So, after a VERYYYYY long hiatus, I am back!
The past few months have been a bit rough (few translating into 7... eeek). The abridged version goes something as so:
A fateful bowl of mac and cheese at 4 AM in the middle of September (and Day 21 of my Whole30) basically train-wrecked my eating. It wasn't like a one-night slip-off-the-wagon kind of thing, it resulted in a total dietary crash and burn - I become a carb and sugar-eating tornado, consuming every non-primal thing in my path (given my meteorology background the reference seemed appropriate lol). And for some reason, I didn't have to willpower to stop. It just kept going and going.

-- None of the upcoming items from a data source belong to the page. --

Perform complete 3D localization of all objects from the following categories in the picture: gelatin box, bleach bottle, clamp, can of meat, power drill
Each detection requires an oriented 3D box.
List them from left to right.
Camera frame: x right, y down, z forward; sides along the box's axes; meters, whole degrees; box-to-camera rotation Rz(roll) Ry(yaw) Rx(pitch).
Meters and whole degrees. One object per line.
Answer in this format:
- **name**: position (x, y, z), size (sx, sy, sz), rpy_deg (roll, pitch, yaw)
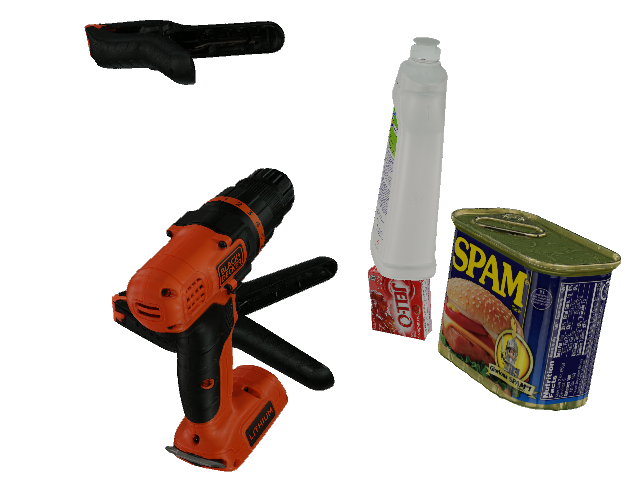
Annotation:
- **clamp**: position (-0.116, -0.158, 0.855), size (0.172, 0.039, 0.120), rpy_deg (20, 28, 41)
- **power drill**: position (-0.067, 0.057, 0.780), size (0.057, 0.188, 0.184), rpy_deg (11, 34, 26)
- **clamp**: position (-0.081, 0.073, 0.956), size (0.210, 0.036, 0.164), rpy_deg (-1, 37, -6)
- **gelatin box**: position (0.100, 0.076, 1.340), size (0.073, 0.089, 0.030), rpy_deg (10, 31, 27)
- **bleach bottle**: position (0.100, -0.090, 1.146), size (0.068, 0.251, 0.102), rpy_deg (1, 26, -8)
- **can of meat**: position (0.110, 0.036, 0.588), size (0.057, 0.084, 0.102), rpy_deg (-3, 19, -26)

Needless to say, about 4 months of that with minimal moving around (I couldn't climb due to scheduling conflicts - due to one of my worst schedule plans EVER) and I put on weight. A lot of it. Like 60 lbs. It was like a cycle - eat crap, gain weight, feel like crap, eat more crap to attempt to feel better. And it went on and on. I felt embarrassed, ashamed, and just all around bad about myself.

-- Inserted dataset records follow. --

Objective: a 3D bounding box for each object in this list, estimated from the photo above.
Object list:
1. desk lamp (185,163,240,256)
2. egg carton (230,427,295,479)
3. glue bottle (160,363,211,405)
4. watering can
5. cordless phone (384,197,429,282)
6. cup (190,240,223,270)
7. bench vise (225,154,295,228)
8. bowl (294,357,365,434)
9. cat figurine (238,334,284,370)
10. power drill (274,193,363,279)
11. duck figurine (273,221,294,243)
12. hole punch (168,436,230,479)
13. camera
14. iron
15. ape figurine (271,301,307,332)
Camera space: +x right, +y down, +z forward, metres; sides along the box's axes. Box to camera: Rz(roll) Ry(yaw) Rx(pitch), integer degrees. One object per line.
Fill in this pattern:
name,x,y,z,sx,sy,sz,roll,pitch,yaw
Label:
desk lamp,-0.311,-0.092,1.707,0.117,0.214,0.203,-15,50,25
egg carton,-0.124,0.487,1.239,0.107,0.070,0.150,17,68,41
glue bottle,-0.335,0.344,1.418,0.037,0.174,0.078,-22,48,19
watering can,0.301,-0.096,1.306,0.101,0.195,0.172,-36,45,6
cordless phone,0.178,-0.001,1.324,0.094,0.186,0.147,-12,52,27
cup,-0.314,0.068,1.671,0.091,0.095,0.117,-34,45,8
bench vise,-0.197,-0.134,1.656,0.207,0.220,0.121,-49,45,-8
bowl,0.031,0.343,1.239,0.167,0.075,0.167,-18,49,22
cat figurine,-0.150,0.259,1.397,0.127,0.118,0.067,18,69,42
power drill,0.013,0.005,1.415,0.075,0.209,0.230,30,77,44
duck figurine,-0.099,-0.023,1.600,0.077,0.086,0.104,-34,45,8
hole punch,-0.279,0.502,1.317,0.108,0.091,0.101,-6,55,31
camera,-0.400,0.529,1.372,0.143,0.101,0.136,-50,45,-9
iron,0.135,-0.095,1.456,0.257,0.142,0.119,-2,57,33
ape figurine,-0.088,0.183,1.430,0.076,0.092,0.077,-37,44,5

So basically I'm back at square numero uno. I'm still the same person, there's just lots of room for improvement - health-wise, strength-wise, etc. I have insecurity issues that I need to get over (no one gains close to 65% of their previous body weight without some late-night emotional meltdowns) and learn to see myself for who I am now and not who I was.

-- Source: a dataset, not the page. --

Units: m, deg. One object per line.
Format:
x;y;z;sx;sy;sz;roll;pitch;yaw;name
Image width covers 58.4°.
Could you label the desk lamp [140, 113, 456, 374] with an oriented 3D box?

I turned 21 over the weekend and I promised myself that I would stop hiding from you lovely people, because there's no way in hell I can do this alone - I've tried multiple times and haven't gotten anywhere. I'm kind of on the other side of where I was before - the recipient of advice and encouragement - as I try and get my ass back to where I'm happy and can look in a mirror without hiding behind someone or bursting into tears.
Anyways, it feels good to be back, and happy grokking!